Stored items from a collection

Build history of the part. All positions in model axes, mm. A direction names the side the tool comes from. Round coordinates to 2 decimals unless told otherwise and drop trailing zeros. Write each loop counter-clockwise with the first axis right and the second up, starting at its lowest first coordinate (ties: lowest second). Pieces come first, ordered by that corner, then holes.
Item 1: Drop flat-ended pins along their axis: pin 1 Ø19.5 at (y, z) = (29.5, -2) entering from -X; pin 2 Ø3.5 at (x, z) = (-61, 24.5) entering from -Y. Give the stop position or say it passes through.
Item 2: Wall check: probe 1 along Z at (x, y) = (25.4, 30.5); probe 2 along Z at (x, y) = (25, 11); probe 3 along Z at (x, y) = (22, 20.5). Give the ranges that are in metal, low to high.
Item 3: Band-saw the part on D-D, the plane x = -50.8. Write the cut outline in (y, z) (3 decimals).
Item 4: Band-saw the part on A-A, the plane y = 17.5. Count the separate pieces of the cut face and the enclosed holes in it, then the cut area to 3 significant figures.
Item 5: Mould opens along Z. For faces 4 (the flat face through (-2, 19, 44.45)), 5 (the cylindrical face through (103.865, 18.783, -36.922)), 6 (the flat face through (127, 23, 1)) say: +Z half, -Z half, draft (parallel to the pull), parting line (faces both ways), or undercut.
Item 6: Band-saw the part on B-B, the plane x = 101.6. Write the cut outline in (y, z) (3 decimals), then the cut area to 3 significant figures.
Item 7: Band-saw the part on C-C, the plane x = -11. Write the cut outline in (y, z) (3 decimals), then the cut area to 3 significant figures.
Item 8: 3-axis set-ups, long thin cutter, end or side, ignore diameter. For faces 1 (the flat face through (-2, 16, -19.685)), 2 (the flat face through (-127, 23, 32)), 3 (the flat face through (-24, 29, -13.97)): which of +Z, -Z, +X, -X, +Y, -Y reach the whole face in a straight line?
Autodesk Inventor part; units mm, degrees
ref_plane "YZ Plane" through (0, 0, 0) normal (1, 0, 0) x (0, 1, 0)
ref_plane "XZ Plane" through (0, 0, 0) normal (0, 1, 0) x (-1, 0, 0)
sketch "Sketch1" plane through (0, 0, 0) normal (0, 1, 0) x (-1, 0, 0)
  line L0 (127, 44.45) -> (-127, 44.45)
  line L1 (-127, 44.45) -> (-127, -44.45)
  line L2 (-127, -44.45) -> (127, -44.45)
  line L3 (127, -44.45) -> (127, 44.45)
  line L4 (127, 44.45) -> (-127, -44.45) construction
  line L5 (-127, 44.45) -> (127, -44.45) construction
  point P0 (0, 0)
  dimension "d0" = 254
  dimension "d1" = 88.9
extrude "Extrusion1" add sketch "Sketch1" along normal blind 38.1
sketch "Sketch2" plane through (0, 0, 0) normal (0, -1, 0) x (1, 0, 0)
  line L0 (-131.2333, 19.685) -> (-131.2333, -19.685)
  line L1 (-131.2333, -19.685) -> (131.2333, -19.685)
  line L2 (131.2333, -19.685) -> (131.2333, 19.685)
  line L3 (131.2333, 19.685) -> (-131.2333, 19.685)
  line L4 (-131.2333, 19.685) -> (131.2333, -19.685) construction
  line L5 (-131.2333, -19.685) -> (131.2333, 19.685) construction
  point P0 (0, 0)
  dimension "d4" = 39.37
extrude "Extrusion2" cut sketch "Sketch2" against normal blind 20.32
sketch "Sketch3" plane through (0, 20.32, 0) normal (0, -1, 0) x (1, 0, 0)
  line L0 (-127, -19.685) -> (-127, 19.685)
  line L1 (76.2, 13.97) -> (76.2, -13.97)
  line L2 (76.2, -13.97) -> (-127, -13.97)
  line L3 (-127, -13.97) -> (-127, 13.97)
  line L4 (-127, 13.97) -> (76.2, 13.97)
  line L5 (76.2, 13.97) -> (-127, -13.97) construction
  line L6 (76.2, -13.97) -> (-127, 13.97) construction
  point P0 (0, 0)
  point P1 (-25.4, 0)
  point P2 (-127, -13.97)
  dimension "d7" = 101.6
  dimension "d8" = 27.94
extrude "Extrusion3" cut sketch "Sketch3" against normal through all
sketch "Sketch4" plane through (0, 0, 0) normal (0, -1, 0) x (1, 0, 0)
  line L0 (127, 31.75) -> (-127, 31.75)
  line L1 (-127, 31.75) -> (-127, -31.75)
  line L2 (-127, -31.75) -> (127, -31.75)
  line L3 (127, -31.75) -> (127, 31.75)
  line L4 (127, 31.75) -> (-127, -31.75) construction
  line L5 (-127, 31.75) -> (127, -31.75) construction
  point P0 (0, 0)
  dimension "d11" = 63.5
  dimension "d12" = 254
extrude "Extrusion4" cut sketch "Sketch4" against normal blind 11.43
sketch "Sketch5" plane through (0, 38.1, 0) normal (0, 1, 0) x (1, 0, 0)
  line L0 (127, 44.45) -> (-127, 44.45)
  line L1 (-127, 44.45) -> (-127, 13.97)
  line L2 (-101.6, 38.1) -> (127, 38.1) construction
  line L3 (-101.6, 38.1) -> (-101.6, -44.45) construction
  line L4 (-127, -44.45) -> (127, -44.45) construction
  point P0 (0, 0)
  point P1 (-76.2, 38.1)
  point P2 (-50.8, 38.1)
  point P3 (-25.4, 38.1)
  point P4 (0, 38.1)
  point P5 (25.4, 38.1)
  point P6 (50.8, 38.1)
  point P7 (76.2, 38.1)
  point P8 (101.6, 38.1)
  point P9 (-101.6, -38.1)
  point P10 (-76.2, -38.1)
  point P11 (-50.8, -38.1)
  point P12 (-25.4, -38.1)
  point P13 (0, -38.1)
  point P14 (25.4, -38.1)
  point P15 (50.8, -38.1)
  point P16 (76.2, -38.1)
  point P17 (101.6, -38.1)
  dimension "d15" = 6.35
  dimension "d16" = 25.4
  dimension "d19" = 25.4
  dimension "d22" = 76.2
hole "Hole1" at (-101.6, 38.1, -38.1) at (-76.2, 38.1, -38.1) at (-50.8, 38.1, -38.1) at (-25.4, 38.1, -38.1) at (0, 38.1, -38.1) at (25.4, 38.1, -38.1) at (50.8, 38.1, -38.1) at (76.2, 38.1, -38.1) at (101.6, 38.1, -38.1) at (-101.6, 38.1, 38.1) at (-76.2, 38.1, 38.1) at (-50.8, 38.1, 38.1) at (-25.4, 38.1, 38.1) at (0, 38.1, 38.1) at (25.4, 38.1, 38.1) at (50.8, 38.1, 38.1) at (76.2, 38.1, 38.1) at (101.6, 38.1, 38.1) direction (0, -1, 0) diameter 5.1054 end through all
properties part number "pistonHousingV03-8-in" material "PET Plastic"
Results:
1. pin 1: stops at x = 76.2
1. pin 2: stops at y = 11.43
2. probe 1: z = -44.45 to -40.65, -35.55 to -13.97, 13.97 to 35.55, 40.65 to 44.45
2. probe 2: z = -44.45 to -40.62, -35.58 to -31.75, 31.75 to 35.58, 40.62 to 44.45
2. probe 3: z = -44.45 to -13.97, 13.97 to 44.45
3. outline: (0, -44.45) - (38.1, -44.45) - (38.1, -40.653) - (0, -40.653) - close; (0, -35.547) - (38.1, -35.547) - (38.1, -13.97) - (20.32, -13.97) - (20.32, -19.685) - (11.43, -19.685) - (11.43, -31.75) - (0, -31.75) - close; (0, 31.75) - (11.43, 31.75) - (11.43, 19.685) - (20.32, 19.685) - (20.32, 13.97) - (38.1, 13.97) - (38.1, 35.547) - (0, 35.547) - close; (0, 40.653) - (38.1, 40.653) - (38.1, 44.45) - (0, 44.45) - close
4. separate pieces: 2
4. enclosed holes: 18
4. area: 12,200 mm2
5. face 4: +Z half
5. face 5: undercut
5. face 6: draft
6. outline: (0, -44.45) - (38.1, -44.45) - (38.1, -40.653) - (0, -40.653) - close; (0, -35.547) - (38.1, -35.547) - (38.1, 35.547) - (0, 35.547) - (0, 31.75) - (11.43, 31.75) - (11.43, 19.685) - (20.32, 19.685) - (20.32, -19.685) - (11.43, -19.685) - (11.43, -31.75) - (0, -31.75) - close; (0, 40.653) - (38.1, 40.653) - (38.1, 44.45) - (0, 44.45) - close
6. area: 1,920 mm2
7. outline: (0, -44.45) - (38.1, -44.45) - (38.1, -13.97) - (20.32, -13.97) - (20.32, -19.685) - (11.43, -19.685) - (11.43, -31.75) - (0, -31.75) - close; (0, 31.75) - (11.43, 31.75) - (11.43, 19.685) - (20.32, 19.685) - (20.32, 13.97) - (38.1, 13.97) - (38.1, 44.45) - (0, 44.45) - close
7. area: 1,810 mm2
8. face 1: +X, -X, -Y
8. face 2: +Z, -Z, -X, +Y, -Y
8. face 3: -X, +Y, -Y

**Exercise**
Return, without any change, only the lines from the one containing "5. face 4: +Z half" through the last line of the entries above.

**Written solution**
5. face 4: +Z half
5. face 5: undercut
5. face 6: draft
6. outline: (0, -44.45) - (38.1, -44.45) - (38.1, -40.653) - (0, -40.653) - close; (0, -35.547) - (38.1, -35.547) - (38.1, 35.547) - (0, 35.547) - (0, 31.75) - (11.43, 31.75) - (11.43, 19.685) - (20.32, 19.685) - (20.32, -19.685) - (11.43, -19.685) - (11.43, -31.75) - (0, -31.75) - close; (0, 40.653) - (38.1, 40.653) - (38.1, 44.45) - (0, 44.45) - close
6. area: 1,920 mm2
7. outline: (0, -44.45) - (38.1, -44.45) - (38.1, -13.97) - (20.32, -13.97) - (20.32, -19.685) - (11.43, -19.685) - (11.43, -31.75) - (0, -31.75) - close; (0, 31.75) - (11.43, 31.75) - (11.43, 19.685) - (20.32, 19.685) - (20.32, 13.97) - (38.1, 13.97) - (38.1, 44.45) - (0, 44.45) - close
7. area: 1,810 mm2
8. face 1: +X, -X, -Y
8. face 2: +Z, -Z, -X, +Y, -Y
8. face 3: -X, +Y, -Y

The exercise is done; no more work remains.